What I did see were basically patterns, grids, ornaments, arrays of colors: chalk-white on the blackboard or the cluster-forming colors of the shirts on the soccer field. Then I was prescribed glasses. The number of diopters I needed caused a shaking of heads. Why hadn't I said anything, why hadn't I indicated how weak my sight was? How could I? For me, what I saw, and how I saw it, was my reality, and I had never known any other. I had learnt to take a close look with a weak eyesight and to move around in what I could make out. With the glasses, my reality moved into focus - and the astonishing thing about it was that reality seemed to disintegrate at first. Now I could see a bald spot on the back of the teacher's head, while he was writing on the blackboard; or I saw a blemish on his neck, which deprived me of the feeling of harmony that had hitherto been found in the whole, and this shattered the impression of the purposefulness of every dot and every spot, in brief: every single particle, for the order of the whole. Or I saw dust dance in the shafts of light that sometimes fell through the windows - this was no longer light that created an enlightening stripe-by-stripe orientation for the eyes in this classroom with its dark furniture and that smell of sweat and Lysol, but rather a diversion. The most insignificant particles were cast in full light.

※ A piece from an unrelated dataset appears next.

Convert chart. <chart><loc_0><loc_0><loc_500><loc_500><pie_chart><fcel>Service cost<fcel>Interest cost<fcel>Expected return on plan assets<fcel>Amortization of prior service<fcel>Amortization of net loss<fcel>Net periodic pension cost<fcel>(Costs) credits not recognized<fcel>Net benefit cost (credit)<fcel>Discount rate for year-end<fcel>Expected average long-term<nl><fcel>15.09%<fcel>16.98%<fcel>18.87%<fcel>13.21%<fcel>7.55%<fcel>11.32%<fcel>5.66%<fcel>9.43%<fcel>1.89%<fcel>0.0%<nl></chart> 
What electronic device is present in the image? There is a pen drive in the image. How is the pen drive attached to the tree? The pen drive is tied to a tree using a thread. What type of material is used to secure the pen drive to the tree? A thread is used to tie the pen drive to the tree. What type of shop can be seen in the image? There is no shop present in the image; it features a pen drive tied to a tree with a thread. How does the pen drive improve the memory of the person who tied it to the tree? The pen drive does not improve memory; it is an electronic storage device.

Strangely enough, when I learnt to see through my glasses, the array of light and shadow, of colors and surfaces did not seem more distinct, but, on the contrary, less clear and somewhat blurred in its structure. Not only did I have to learn to see things anew, but rather - in order to see anything at all, now that I could see at last - to see them with a sort of double vison: the diversity and, somewhere in it, the familiar reduction and abstraction. Thus I did not only learn to see the dust particles in the light, but, more importantly, to see the light again through the dust.

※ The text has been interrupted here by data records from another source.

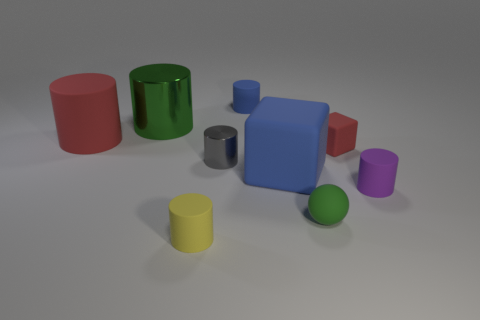How many purple things are made of the same material as the large blue thing?
Make the answer very short. 1. There is a large metal cylinder; does it have the same color as the small cylinder in front of the green rubber object?
Your answer should be very brief. No. What number of small balls are there?
Your answer should be compact. 1. Is there a large shiny object of the same color as the tiny ball?
Your response must be concise. Yes. What color is the big rubber thing that is behind the matte cube on the right side of the blue matte cube to the right of the gray thing?
Offer a terse response. Red. Does the tiny sphere have the same material as the green thing that is behind the small red cube?
Keep it short and to the point. No. What is the material of the small purple thing?
Your answer should be compact. Rubber. What is the material of the cylinder that is the same color as the matte ball?
Your answer should be compact. Metal. What number of other things are made of the same material as the red cube?
Your response must be concise. 6. There is a object that is to the right of the tiny matte ball and behind the gray metallic object; what is its shape?
Your answer should be very brief. Cube. 
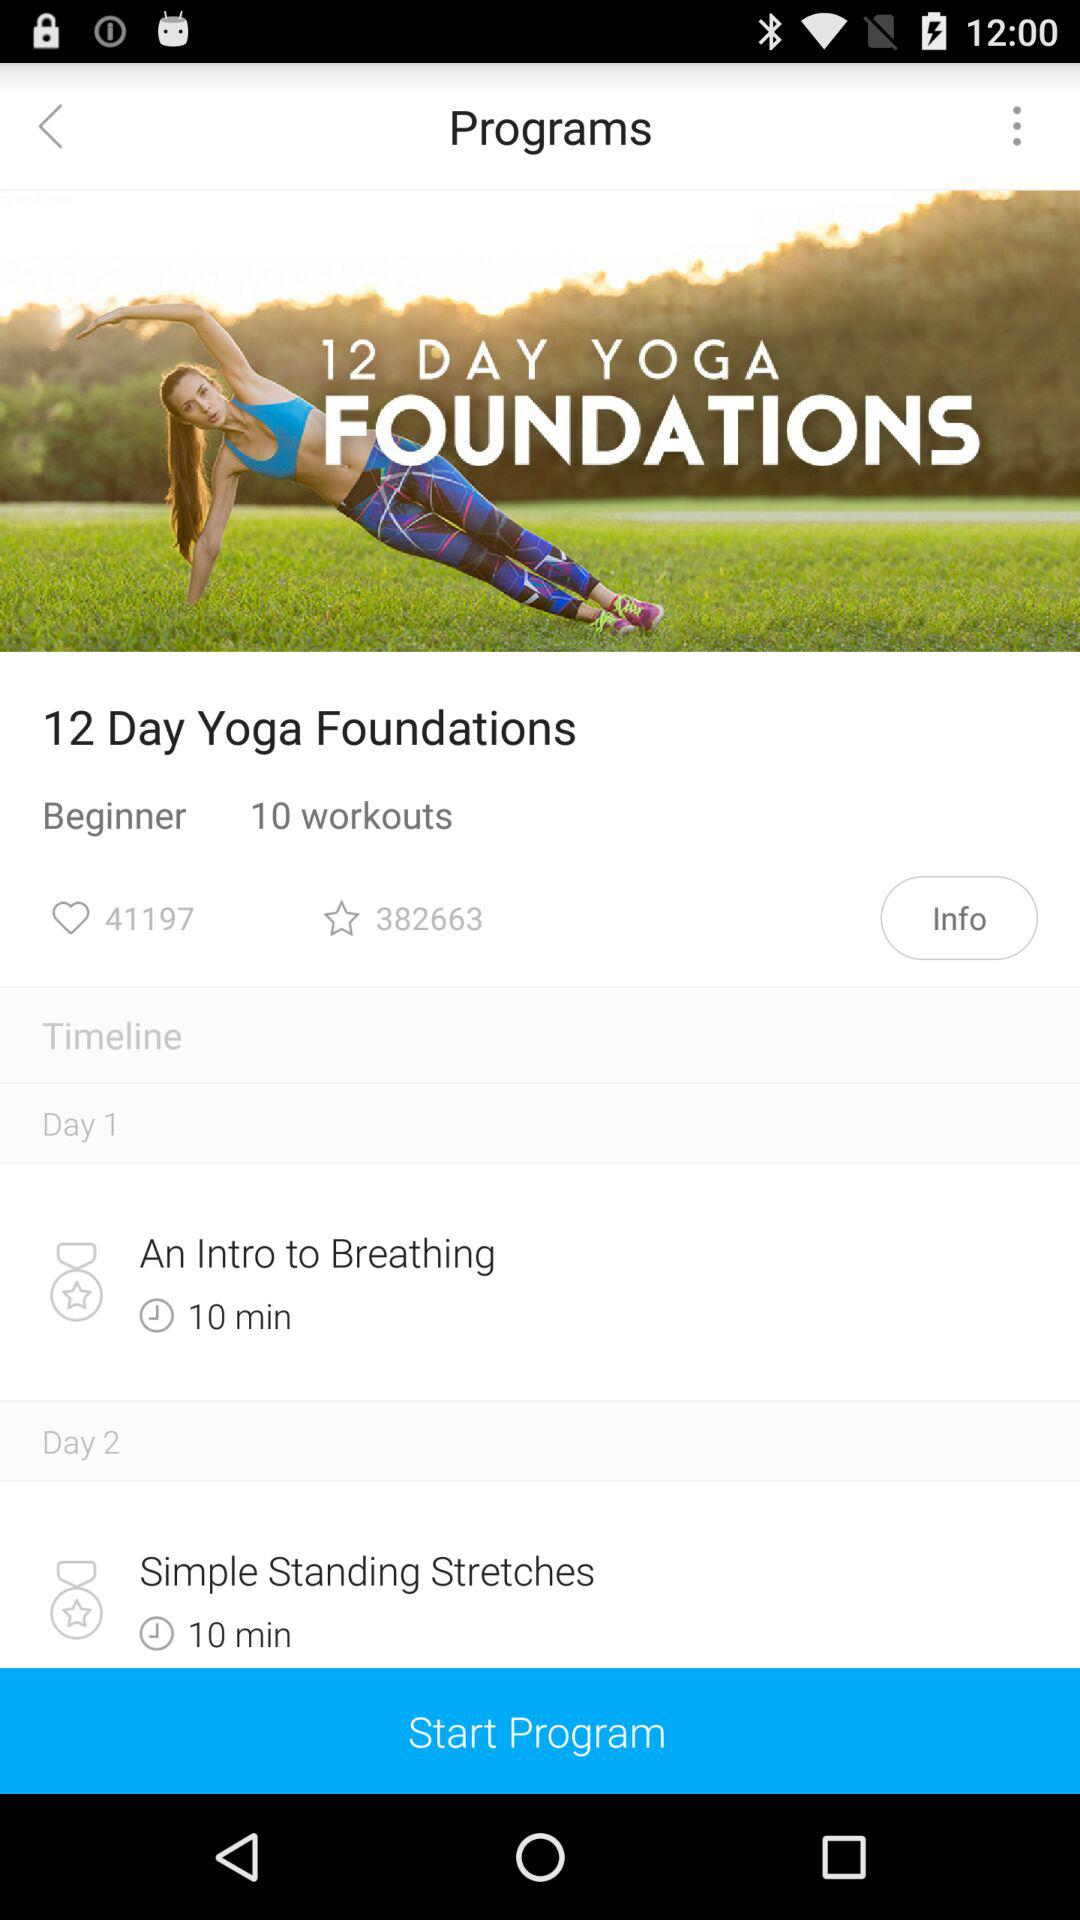What is the schedule for Day 2? The schedule for Day 2 is "Simple Standing Stretches".

I think that this is what Claus Prokop does: to see things anew, distrusting his "own glasses" - questioning visual habits through a new view and taking his bearings of them in the unfamiliar. He has a double vision which he also directs our gaze: he sees patterns and grids where there is life and he sees an image of life in what we perceive in terms of structures. Art as a reflection of reality is always a reflection of reflections - reality is not to be had otherwise: it already is a reflection as soon as we start to reflect it. The reflection of a reflection, however, is its neutralization at the same time; not an image, but the image of images, not an idea, but the idea of ideas, in other words: a grid, a pattern, a structure. But any grid has holes in it; and however powerful visual habits may be, they work like a sieve, and anything they cannot hold will run through and arrange in new patterns.

Claus Prokop is as much of an oddball and a maverick as I was before I learnt to see. However, he is it in a clairvoyant way. I can see that.